Marsiling station runs alongside Woodlands Avenue 3 and has four exits serving surrounding amenities, mainly schools such as Marsiling Primary and Secondary Schools and Fuchun Primary School, as well as other landmarks like the Woodlands Polyclinic and the Marsiling–Yew Tee Town Council's main office.

Like most other stations on the Woodlands extension, Marsiling has a Kampong-style roof and a colour scheme designed to blend with its surroundings. Its platform is also bigger compared to previous stations as its electrical maintenance room was moved down to the concourse. The station's bus bays are longer than bus bays at previous stations, measuring 36 m long.
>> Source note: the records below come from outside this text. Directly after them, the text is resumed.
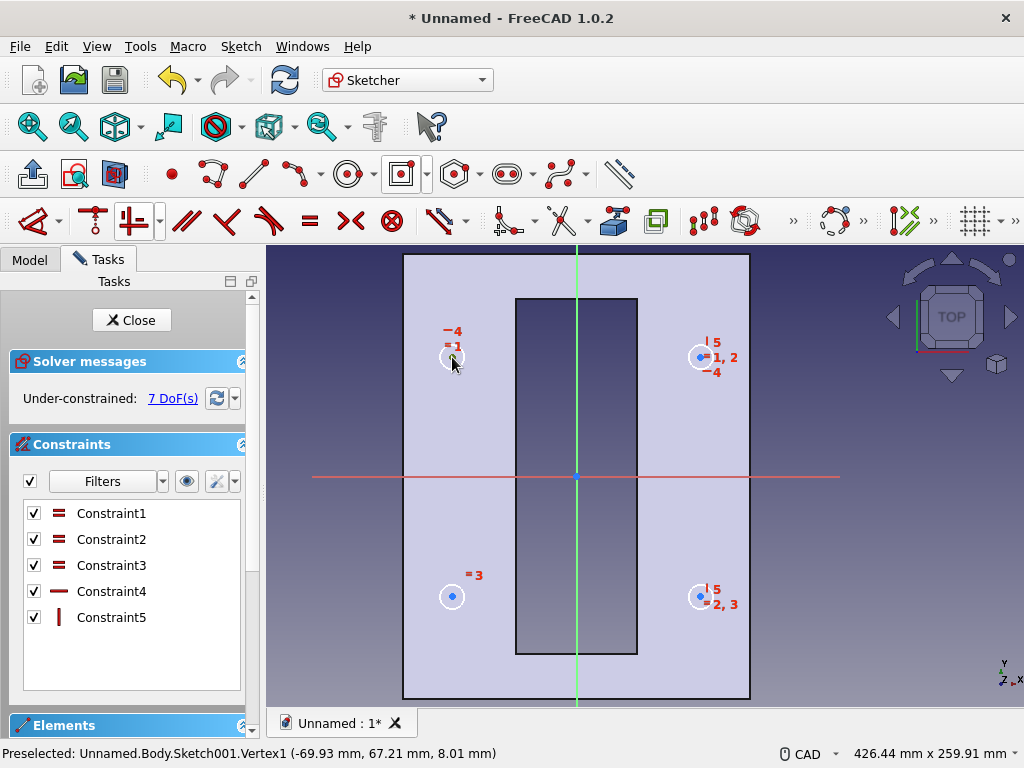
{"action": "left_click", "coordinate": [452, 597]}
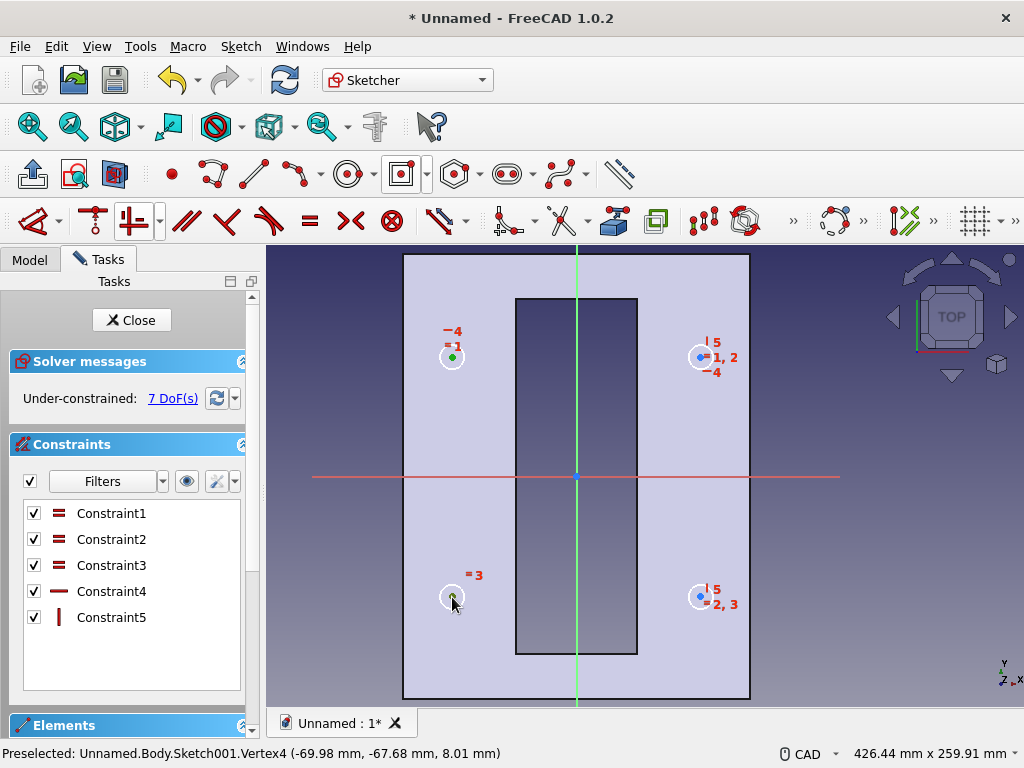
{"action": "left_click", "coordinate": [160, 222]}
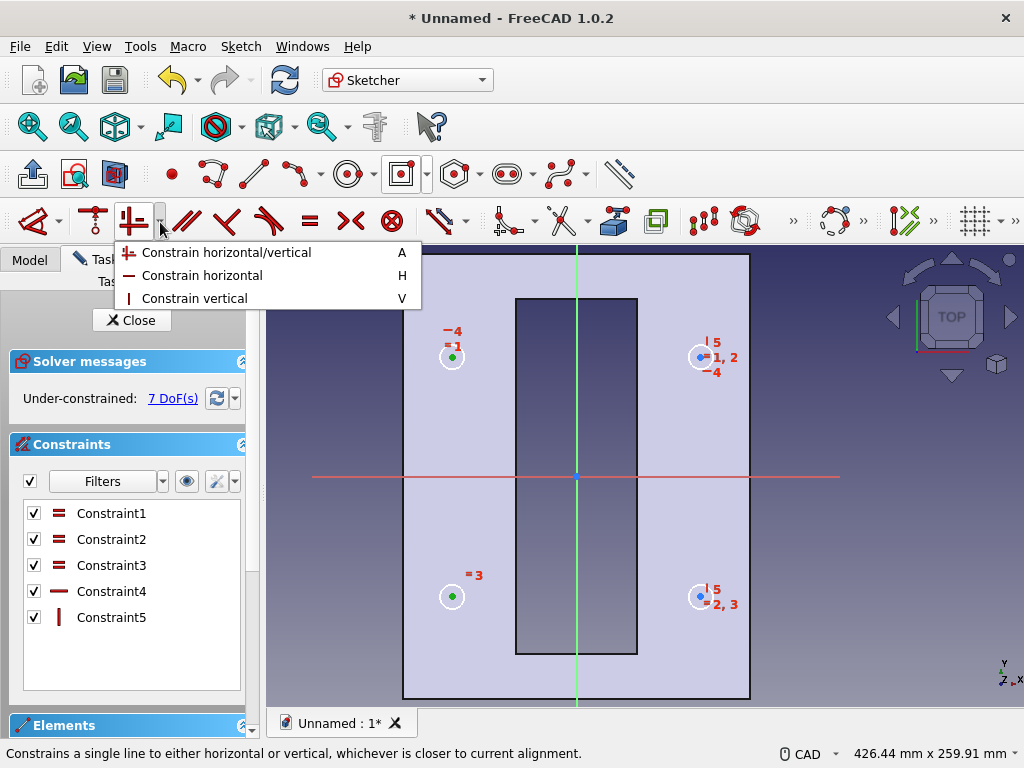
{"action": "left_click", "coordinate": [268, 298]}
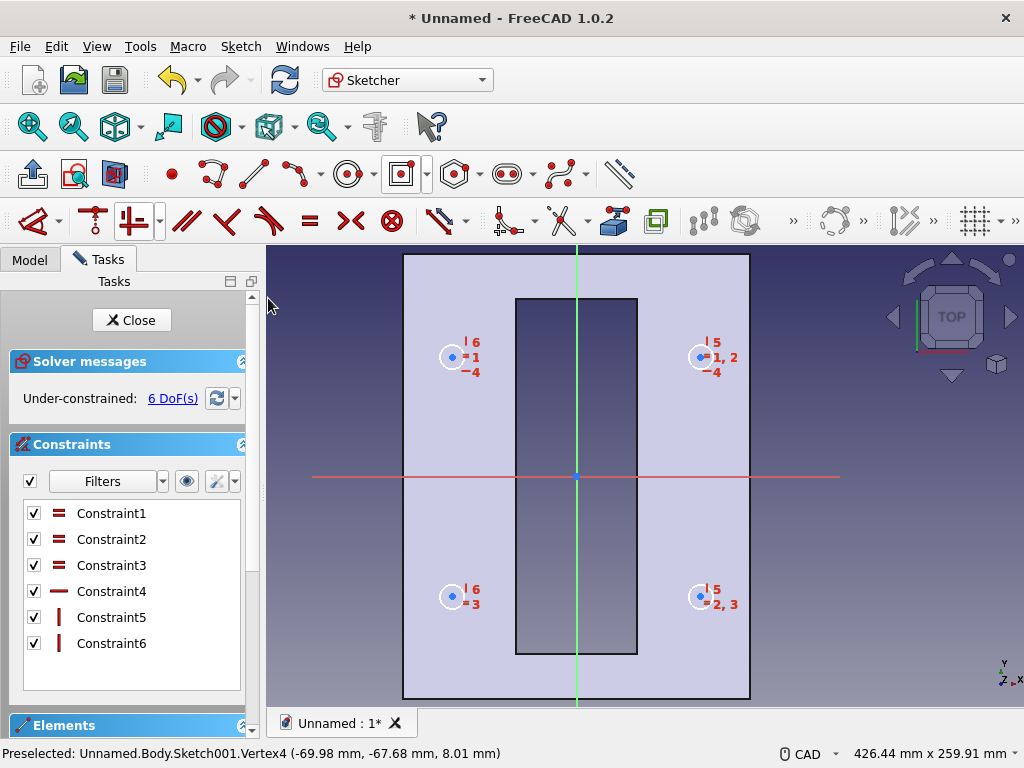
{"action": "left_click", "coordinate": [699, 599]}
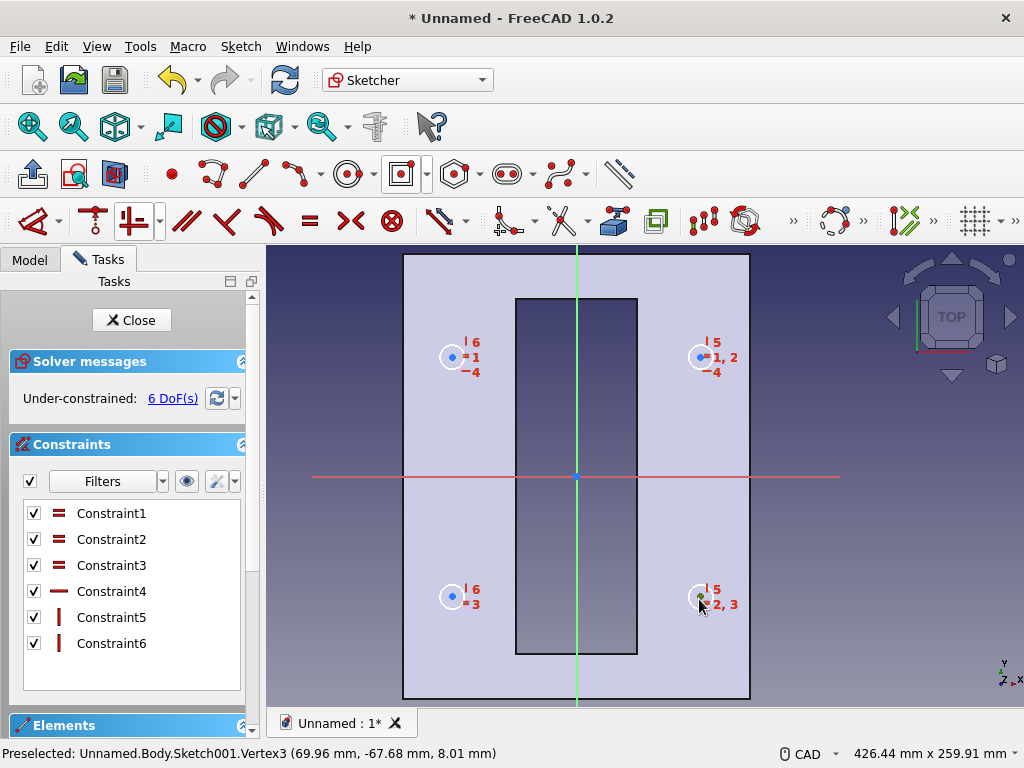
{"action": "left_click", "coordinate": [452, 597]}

Similarly, its commercial space is larger than previous stations, with the MRTC believing that businesses would move-in due to the station's location, existing commercial space already occupied in other stations, and the expected influx of people moving to Woodlands and Sembawang. Due to the station's proximity to neighbouring Housing and Development Board apartment blocks, a louvre-like privacy screen was installed along the tracks at the side of the station facing these apartment blocks for privacy, the only MRT station then to have this feature.